A cidade surgia em meio ao breu à medida que os jovens caminhavam em sua direção. Eram quase três da manhã e a escuridão daquela noite tão incomum parecia querer durar para sempre.
-Ainda não acredito no que acabamos de ver – dizia Rafael.
-Você não é o único – respondeu Ailton enquanto chutava distraído o capim na beira da estrada.
-Eu me contentaria apenas em conseguir esquecer tudo isso – rebateu Amanda. – Amor, você está bem?
Felipe seguia olhando para o chão, distraído, como se não tivesse ouvido a namorada.
-Felipe – insistiu ela.
-O que? – ele voltou-se para a garota com um olhar assustado.
-Você não disse uma palavra sequer por todo o caminho de volta.
-Acho que todos nós temos muito o que pensar – lacônico, retornou para o silêncio preocupado de quem se esforçava para convencer a si mesmo de que não tinha engolido um nojento verme alienígena.
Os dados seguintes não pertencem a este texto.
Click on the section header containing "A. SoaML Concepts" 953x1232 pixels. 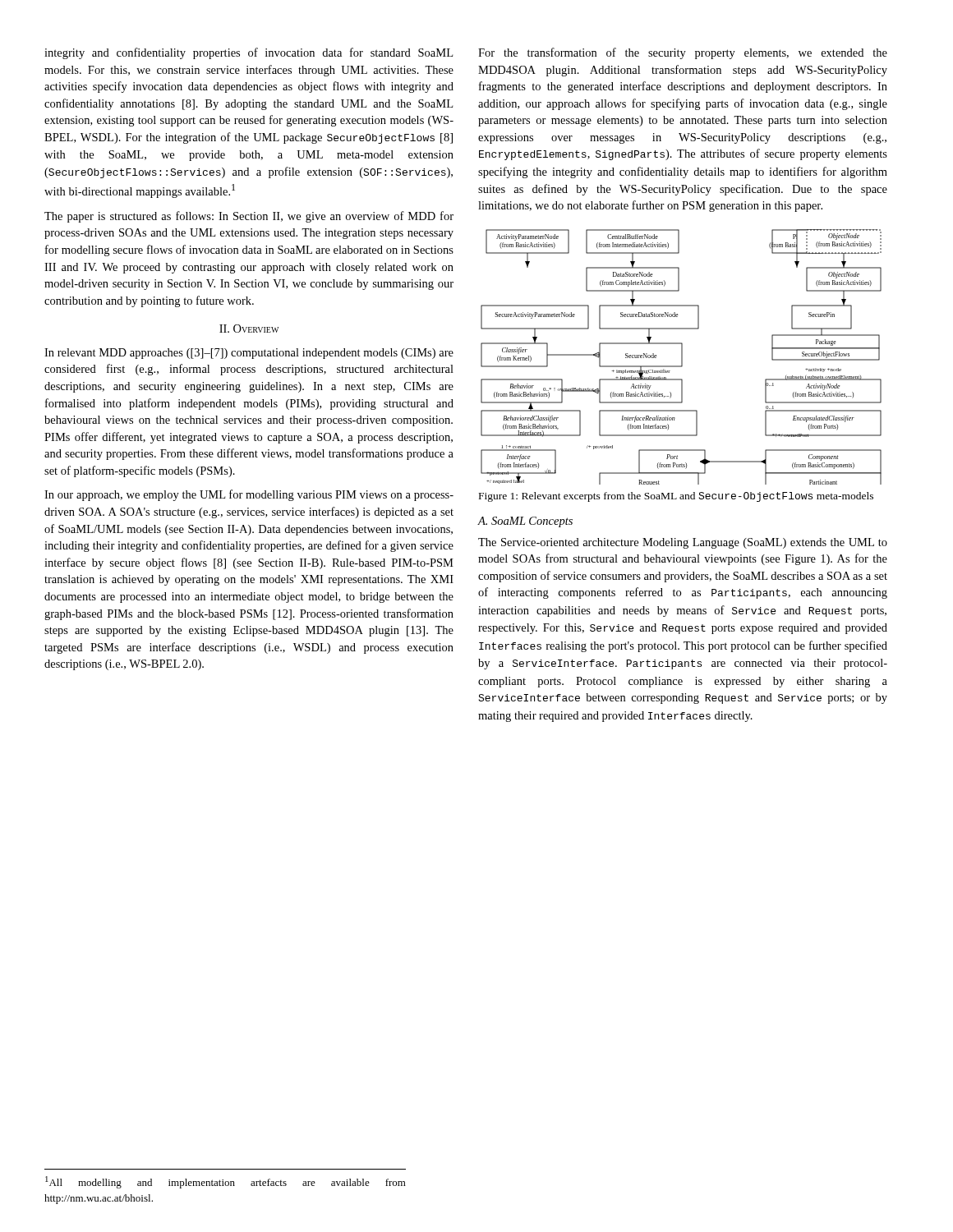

-É verdade – Rafael seguia mais a frente, de mãos dadas com Vanessa –, temos que pensar sobre o que fazer a respeito. Nós devíamos ir até a delegacia o quanto antes. Deve ter alguém de plantão lá que possa nos ouvir.
-E vamos dizer que acabamos de sair de uma nave alienígena. Será que vão acreditar? – perguntou Ailton.
-Nós precisamos tentar – Rafael estava resoluto.
-É, acho que você tem razão, Rafa – concordou Ailton, finalmente, embora ainda se mostrasse insatisfeito.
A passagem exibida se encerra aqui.